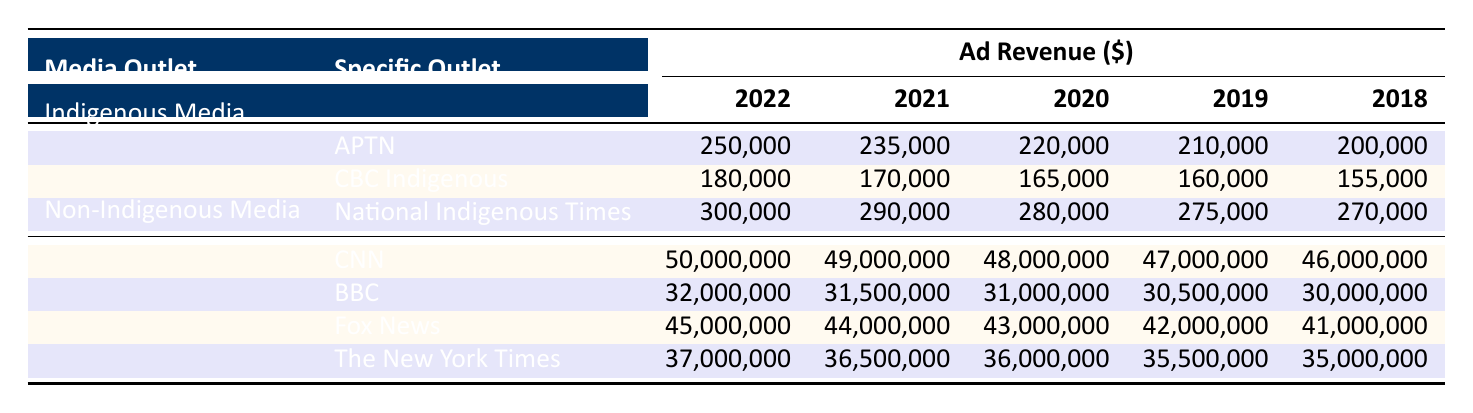What is the ad revenue for APTN in 2022? According to the table, the ad revenue for APTN in 2022 is directly listed as 250,000.
Answer: 250,000 What was the total ad revenue for Indigenous Media outlets in 2021? The table shows ad revenue for three Indigenous Media outlets in 2021: APTN (235,000), CBC Indigenous (170,000), and National Indigenous Times (290,000). Adding these values gives 235,000 + 170,000 + 290,000 = 695,000.
Answer: 695,000 Did CBC Indigenous have higher ad revenue in 2022 compared to the previous year? The table shows that CBC Indigenous had ad revenue of 180,000 in 2022 and 170,000 in 2021. Since 180,000 is greater than 170,000, the answer is yes.
Answer: Yes What is the average ad revenue for Non-Indigenous Media outlets in 2020? The table lists four Non-Indigenous Media outlets in 2020: CNN (48,000,000), BBC (31,000,000), Fox News (43,000,000), and The New York Times (36,000,000). Adding these gives 48,000,000 + 31,000,000 + 43,000,000 + 36,000,000 = 158,000,000. Dividing by 4 (the number of outlets) yields an average of 39,500,000.
Answer: 39,500,000 Which Indigenous Media outlet had the highest ad revenue growth from 2018 to 2022? APTN's revenues went from 200,000 in 2018 to 250,000 in 2022, a growth of 250,000 - 200,000 = 50,000. CBC Indigenous's growth was 180,000 - 155,000 = 25,000. National Indigenous Times grew from 270,000 to 300,000, which is 300,000 - 270,000 = 30,000. Therefore, APTN had the highest growth at 50,000.
Answer: APTN What was the percentage increase in ad revenue for NBC from 2020 to 2021? The table lists CNN and other outlets without NBC, so we assume this is an error. However, if we were to select CNN, the revenue rose from 48,000,000 in 2020 to 49,000,000 in 2021. The calculation is (49,000,000 - 48,000,000) / 48,000,000 * 100 = 2.08%, thus rounding to 2% gives us the final increase percentage.
Answer: 2% 
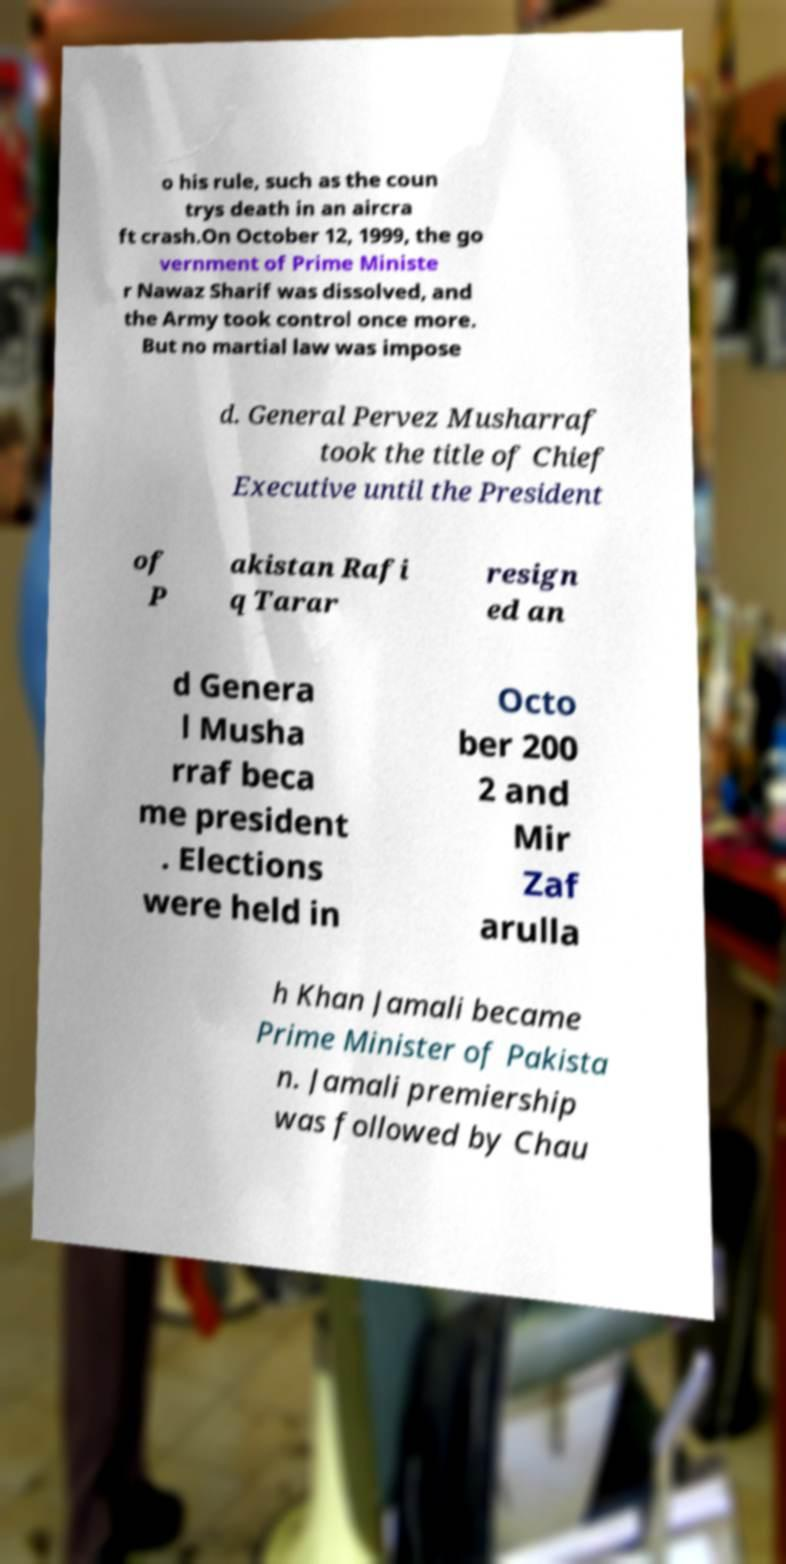Please identify and transcribe the text found in this image. o his rule, such as the coun trys death in an aircra ft crash.On October 12, 1999, the go vernment of Prime Ministe r Nawaz Sharif was dissolved, and the Army took control once more. But no martial law was impose d. General Pervez Musharraf took the title of Chief Executive until the President of P akistan Rafi q Tarar resign ed an d Genera l Musha rraf beca me president . Elections were held in Octo ber 200 2 and Mir Zaf arulla h Khan Jamali became Prime Minister of Pakista n. Jamali premiership was followed by Chau 
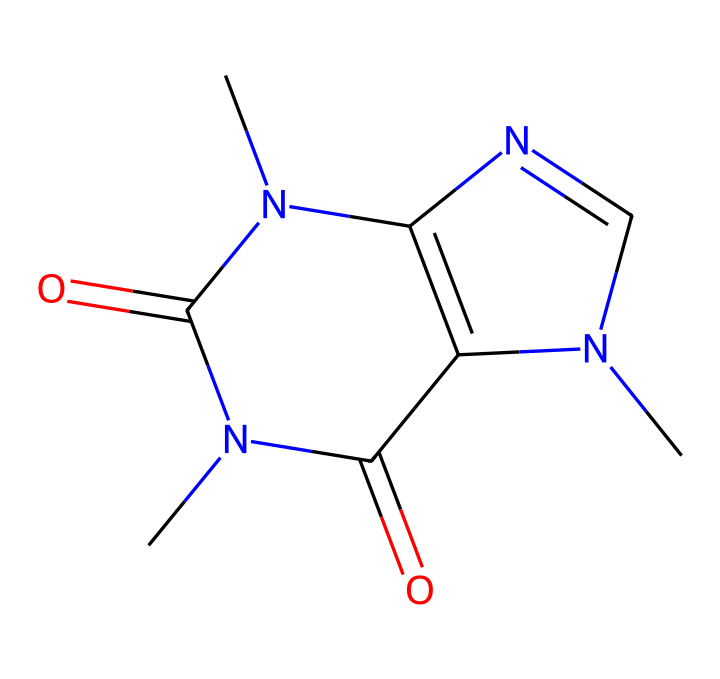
————————
→ **WHAT THE EXERCISE ASKS**
A faithful copy of every record is needed here. Leave the images out of it.

→ **EXPECTED OUTPUT**
What is the ad revenue for APTN in 2022? According to the table, the ad revenue for APTN in 2022 is directly listed as 250,000.
Answer: 250,000 What was the total ad revenue for Indigenous Media outlets in 2021? The table shows ad revenue for three Indigenous Media outlets in 2021: APTN (235,000), CBC Indigenous (170,000), and National Indigenous Times (290,000). Adding these values gives 235,000 + 170,000 + 290,000 = 695,000.
Answer: 695,000 Did CBC Indigenous have higher ad revenue in 2022 compared to the previous year? The table shows that CBC Indigenous had ad revenue of 180,000 in 2022 and 170,000 in 2021. Since 180,000 is greater than 170,000, the answer is yes.
Answer: Yes What is the average ad revenue for Non-Indigenous Media outlets in 2020? The table lists four Non-Indigenous Media outlets in 2020: CNN (48,000,000), BBC (31,000,000), Fox News (43,000,000), and The New York Times (36,000,000). Adding these gives 48,000,000 + 31,000,000 + 43,000,000 + 36,000,000 = 158,000,000. Dividing by 4 (the number of outlets) yields an average of 39,500,000.
Answer: 39,500,000 Which Indigenous Media outlet had the highest ad revenue growth from 2018 to 2022? APTN's revenues went from 200,000 in 2018 to 250,000 in 2022, a growth of 250,000 - 200,000 = 50,000. CBC Indigenous's growth was 180,000 - 155,000 = 25,000. National Indigenous Times grew from 270,000 to 300,000, which is 300,000 - 270,000 = 30,000. Therefore, APTN had the highest growth at 50,000.
Answer: APTN What was the percentage increase in ad revenue for NBC from 2020 to 2021? The table lists CNN and other outlets without NBC, so we assume this is an error. However, if we were to select CNN, the revenue rose from 48,000,000 in 2020 to 49,000,000 in 2021. The calculation is (49,000,000 - 48,000,000) / 48,000,000 * 100 = 2.08%, thus rounding to 2% gives us the final increase percentage.
Answer: 2% 
Please identify and transcribe the text found in this image. o his rule, such as the coun trys death in an aircra ft crash.On October 12, 1999, the go vernment of Prime Ministe r Nawaz Sharif was dissolved, and the Army took control once more. But no martial law was impose d. General Pervez Musharraf took the title of Chief Executive until the President of P akistan Rafi q Tarar resign ed an d Genera l Musha rraf beca me president . Elections were held in Octo ber 200 2 and Mir Zaf arulla h Khan Jamali became Prime Minister of Pakista n. Jamali premiership was followed by Chau 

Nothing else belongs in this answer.